Sementara itu, Pelaksana Tugas Kepala Dinas Lingkungan Hidup Kabupaten Malang Bachrudin belum bisa dihubungi terkait masalah ini, baik melalui telepon maupun pesan singkat (SMS).
Dihubungi secara terpisah, Manajer Pemasaran PT Taman Tirta Ruli, selaku pihak pengembang, mengatakan, lokasi perumahan di dalam informasi pemanfaatan ruang (IPR) yang dikeluarkan oleh Pemkab Malang, dalam hal ini pihak Cipta Karya, merupakan lahan kuning atau lahan untuk perumahan.

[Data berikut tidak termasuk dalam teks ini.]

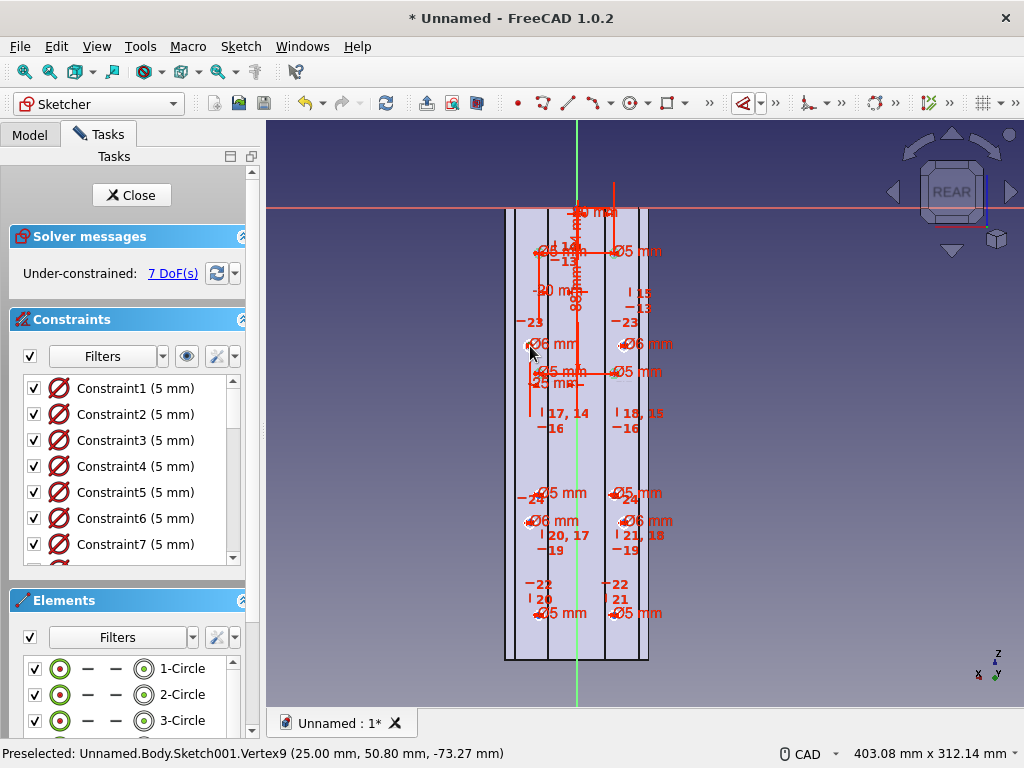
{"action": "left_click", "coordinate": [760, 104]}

”Jadi, otomatis, kalau sudah ada IPR, sudah mengetahui kami kalau lahan itu boleh untuk perumahan. Jadi, bukan lahan sawah, bukan lahan industri, melainkan kawasan permukiman,” ujarnya.
Selanjutnya, menurut Ruli, pihaknya juga sudah melakukan pertimbangan teknis di BPN. BPN, kata Ruli, juga melihat bahwa lahan tersebut merupakan lahan permukiman sehingga akhirnya pertimbangan teknis untuk perumahan baru tersebut dikeluarkan.
”Selain itu, izin lokasi dari Pemkab juga sudah turun. Izin lokasi menyetujui kalau lokasi tersebut lahan permukiman. Secara otomatis dengan poin-poin tadi berarti bisa untuk perumahan. Kalau masalah IMB dan lainnya, semua masih proses. Jadi proses legalitasnya bertahap,” katanya.
Adapun rumah yang sudah terbangun, menurut Ruli itu adalah rumah contoh. Pengembang membutuhkan rumah contoh untuk berjualan.
Disinggung soal sumber air, Ruli mengatakan, pihaknya belum bisa fokus ke sana karena di lokasi tersebut juga ditemukan situs diduga benda cagar budaya. Saat ini situs itu tengah dalam proses ekskavasi oleh Balai Pelestarian Cagar Budaya (BPCB) Jawa Timur.
”Nanti kalau situsnya sudah jelas, bagaimana penetapannya (oleh BPCB) baru kita bicara soal sumber air. Sebab, di situ juga ada kepentingan negara tentang masalah situs. Berapa zonanya yang boleh menjadi perumahan, ya, nanti akan kami ikuti,” katanya.